---------- Listed entries ----------

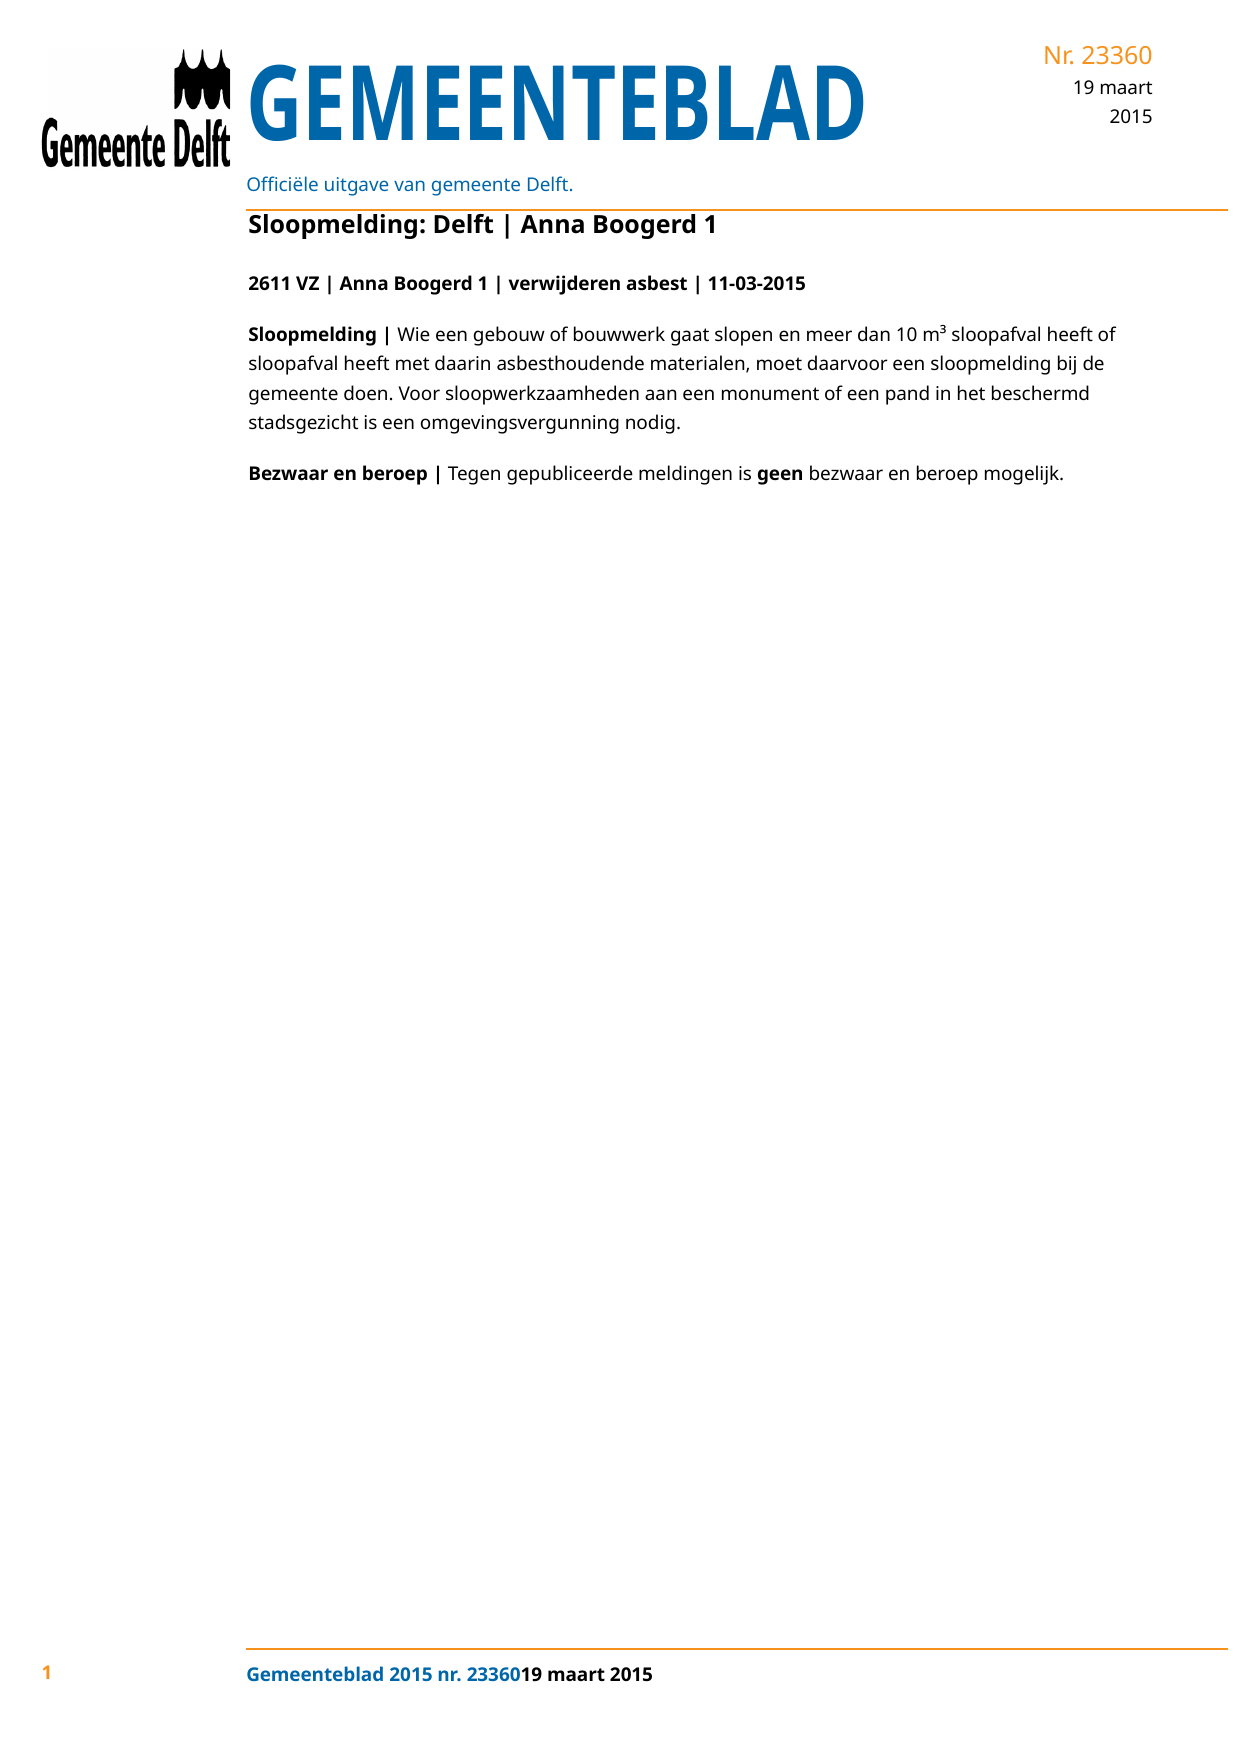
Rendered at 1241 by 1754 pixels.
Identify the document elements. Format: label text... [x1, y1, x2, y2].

text Bezwaar en beroep | Tegen gepubliceerde meldingen is geen bezwaar en beroep mogelijk. [248, 460, 1152, 486]
text Sloopmelding: Delft | Anna Boogerd 1 [248, 211, 1152, 241]
text 2611 VZ | Anna Boogerd 1 | verwijderen asbest | 11-03-2015 [248, 270, 1152, 296]
text Sloopmelding | Wie een gebouw of bouwwerk gaat slopen en meer dan 10 m³ sloopafval heeft of sloopafval heeft met daarin asbesthoudende materialen, moet daarvoor een sloopmelding bij de gemeente doen. Voor sloopwerkzaamheden aan een monument of een pand in het beschermd stadsgezicht is een omgevingsvergunning nodig. [248, 321, 1152, 435]
picture [41, 47, 231, 172]

----------

Copy the records above exactly. The pictures are not part of the copy.

- Output -
Rendered at 1241 by 1754 pixels.
Identify the document elements. Format: label text... [x1, y1, x2, y2].

text Bezwaar en beroep | Tegen gepubliceerde meldingen is geen bezwaar en beroep mogelijk. [248, 460, 1152, 486]
text Sloopmelding: Delft | Anna Boogerd 1 [248, 211, 1152, 241]
text 2611 VZ | Anna Boogerd 1 | verwijderen asbest | 11-03-2015 [248, 270, 1152, 296]
text Sloopmelding | Wie een gebouw of bouwwerk gaat slopen en meer dan 10 m³ sloopafval heeft of sloopafval heeft met daarin asbesthoudende materialen, moet daarvoor een sloopmelding bij de gemeente doen. Voor sloopwerkzaamheden aan een monument of een pand in het beschermd stadsgezicht is een omgevingsvergunning nodig. [248, 321, 1152, 435]
picture [41, 47, 231, 172]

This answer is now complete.